What the task asks:
In the listing below, the lines starting with the line with "7. forklift [402, 0, 1266, 714]" and going on through the line with "13. plastic crate [0, 863, 91, 1079]" are to be reproduced exactly, and only those.

Data supplied:
------------

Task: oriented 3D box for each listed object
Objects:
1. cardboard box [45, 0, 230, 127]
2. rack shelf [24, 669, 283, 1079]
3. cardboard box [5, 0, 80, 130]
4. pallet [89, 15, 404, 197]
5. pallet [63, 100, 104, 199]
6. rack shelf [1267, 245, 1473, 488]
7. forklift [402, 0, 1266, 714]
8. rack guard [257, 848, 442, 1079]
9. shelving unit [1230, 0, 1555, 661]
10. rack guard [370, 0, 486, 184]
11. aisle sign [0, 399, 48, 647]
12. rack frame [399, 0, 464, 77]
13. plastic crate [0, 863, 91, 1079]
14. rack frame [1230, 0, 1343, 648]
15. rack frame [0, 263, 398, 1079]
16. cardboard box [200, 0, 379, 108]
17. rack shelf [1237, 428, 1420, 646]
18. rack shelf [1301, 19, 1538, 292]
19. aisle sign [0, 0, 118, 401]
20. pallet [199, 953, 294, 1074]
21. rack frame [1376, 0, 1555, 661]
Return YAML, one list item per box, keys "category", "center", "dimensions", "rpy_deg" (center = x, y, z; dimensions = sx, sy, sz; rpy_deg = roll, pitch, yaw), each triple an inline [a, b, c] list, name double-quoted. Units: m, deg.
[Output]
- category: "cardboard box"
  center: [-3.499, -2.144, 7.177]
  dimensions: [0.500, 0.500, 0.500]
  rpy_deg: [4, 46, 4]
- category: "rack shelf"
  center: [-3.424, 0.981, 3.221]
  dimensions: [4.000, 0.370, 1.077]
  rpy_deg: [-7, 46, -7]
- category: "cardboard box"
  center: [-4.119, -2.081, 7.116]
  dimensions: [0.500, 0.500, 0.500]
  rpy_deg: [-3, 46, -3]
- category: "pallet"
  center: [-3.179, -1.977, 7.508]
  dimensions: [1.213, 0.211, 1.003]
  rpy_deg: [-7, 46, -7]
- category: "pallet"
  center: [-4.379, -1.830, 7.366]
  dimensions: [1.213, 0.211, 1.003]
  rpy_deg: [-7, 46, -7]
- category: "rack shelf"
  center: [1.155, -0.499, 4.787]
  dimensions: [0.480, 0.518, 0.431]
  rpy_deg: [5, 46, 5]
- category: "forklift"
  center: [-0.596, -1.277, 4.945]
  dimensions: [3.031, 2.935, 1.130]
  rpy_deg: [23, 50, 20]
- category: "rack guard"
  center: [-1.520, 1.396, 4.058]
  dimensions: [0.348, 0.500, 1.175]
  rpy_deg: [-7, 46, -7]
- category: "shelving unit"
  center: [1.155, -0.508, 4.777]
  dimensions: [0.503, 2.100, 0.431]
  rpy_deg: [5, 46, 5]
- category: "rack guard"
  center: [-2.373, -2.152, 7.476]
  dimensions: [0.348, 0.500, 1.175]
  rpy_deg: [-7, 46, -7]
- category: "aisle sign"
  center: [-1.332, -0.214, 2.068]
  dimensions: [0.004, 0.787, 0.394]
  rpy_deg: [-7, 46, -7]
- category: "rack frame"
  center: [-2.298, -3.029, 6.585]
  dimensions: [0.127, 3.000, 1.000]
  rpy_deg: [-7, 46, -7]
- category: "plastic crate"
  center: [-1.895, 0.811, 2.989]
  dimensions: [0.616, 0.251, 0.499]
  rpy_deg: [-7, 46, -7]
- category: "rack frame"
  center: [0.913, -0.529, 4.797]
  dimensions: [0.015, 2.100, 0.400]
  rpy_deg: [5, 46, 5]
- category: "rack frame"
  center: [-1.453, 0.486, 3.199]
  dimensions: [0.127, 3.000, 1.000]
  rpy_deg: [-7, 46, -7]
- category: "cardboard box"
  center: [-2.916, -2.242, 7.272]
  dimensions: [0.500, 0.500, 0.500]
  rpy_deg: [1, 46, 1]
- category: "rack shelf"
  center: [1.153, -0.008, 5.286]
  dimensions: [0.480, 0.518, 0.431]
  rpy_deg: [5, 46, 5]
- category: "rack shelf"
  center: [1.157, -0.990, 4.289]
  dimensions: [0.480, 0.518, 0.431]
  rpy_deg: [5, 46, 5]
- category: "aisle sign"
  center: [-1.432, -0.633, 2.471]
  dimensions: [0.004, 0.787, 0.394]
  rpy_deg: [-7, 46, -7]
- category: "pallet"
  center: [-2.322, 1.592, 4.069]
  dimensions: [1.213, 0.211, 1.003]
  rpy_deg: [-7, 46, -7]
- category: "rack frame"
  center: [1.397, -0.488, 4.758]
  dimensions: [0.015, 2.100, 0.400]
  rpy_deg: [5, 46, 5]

------------

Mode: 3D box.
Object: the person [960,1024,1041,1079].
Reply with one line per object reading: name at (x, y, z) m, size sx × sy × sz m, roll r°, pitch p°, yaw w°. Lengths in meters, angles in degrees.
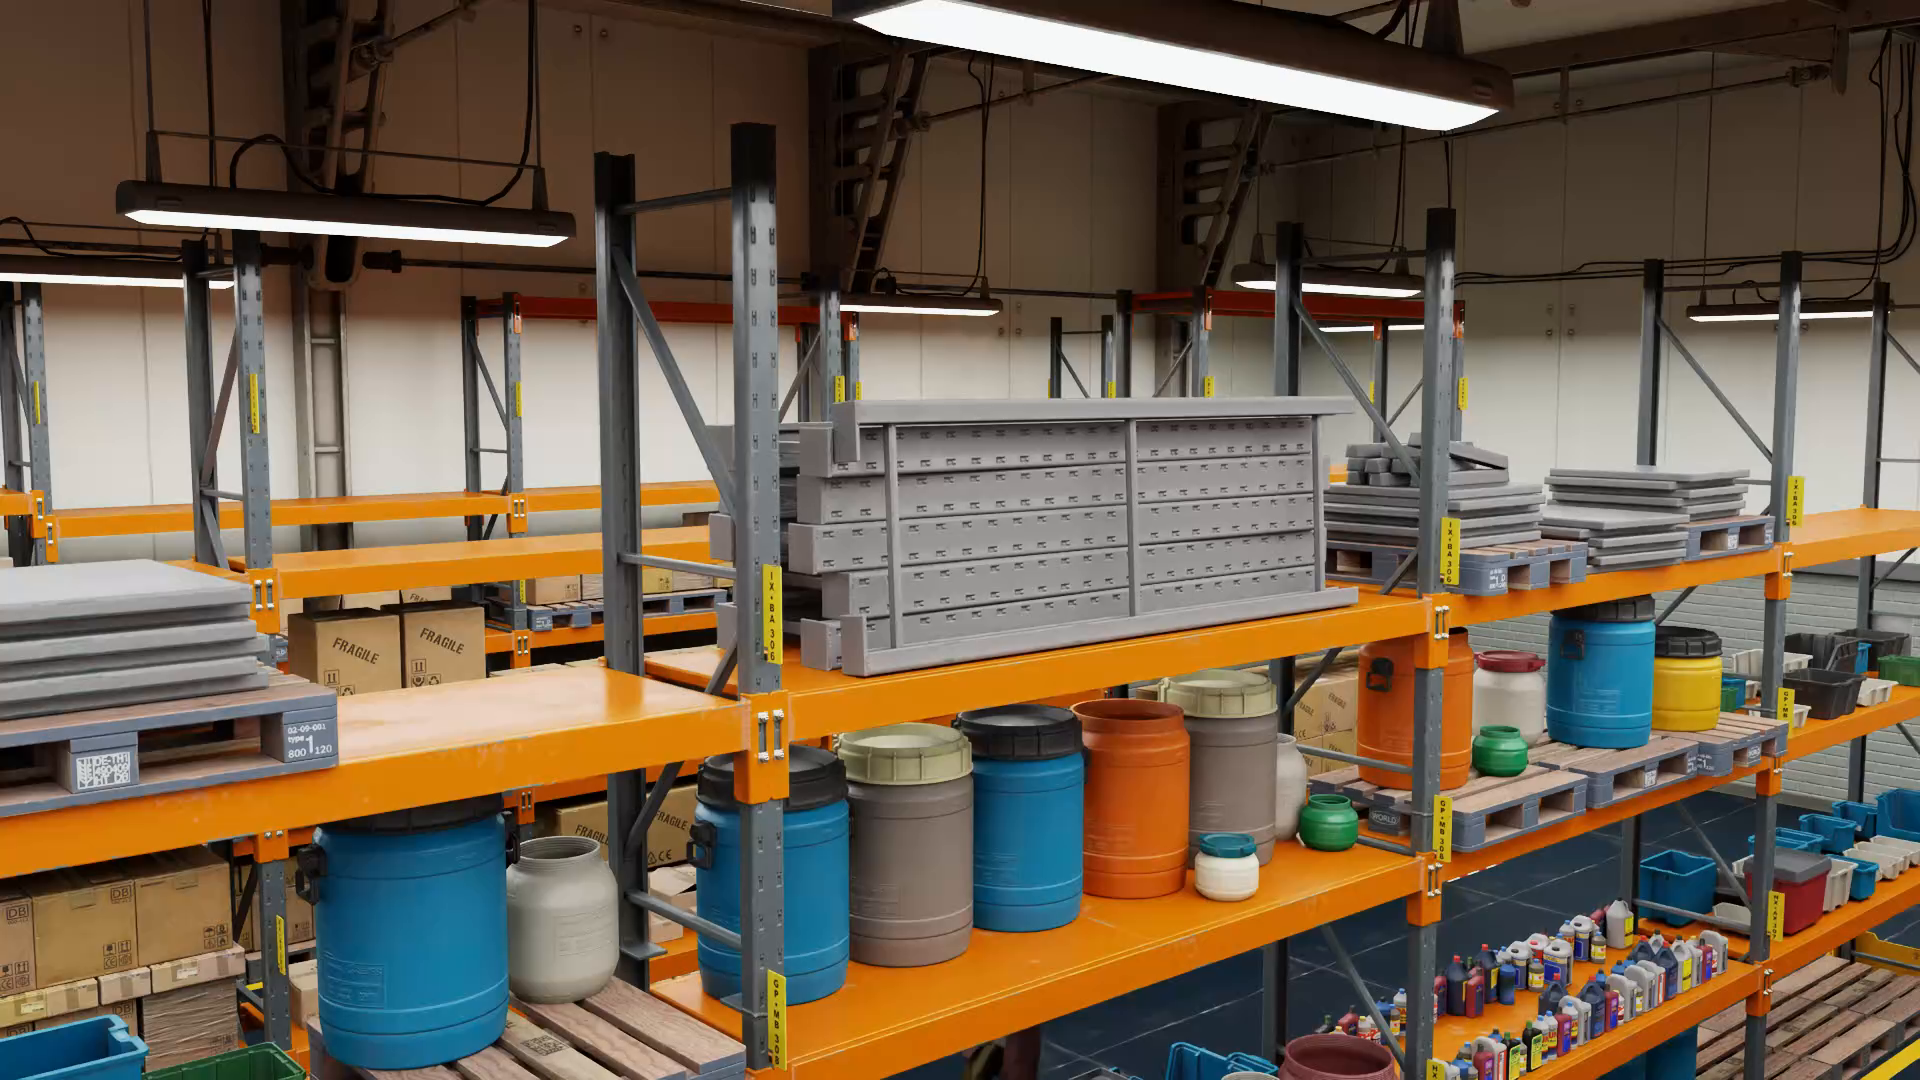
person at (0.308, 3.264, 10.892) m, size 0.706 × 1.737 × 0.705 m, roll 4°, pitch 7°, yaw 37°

------------

Finished task:
7. forklift [402, 0, 1266, 714]
8. rack guard [257, 848, 442, 1079]
9. shelving unit [1230, 0, 1555, 661]
10. rack guard [370, 0, 486, 184]
11. aisle sign [0, 399, 48, 647]
12. rack frame [399, 0, 464, 77]
13. plastic crate [0, 863, 91, 1079]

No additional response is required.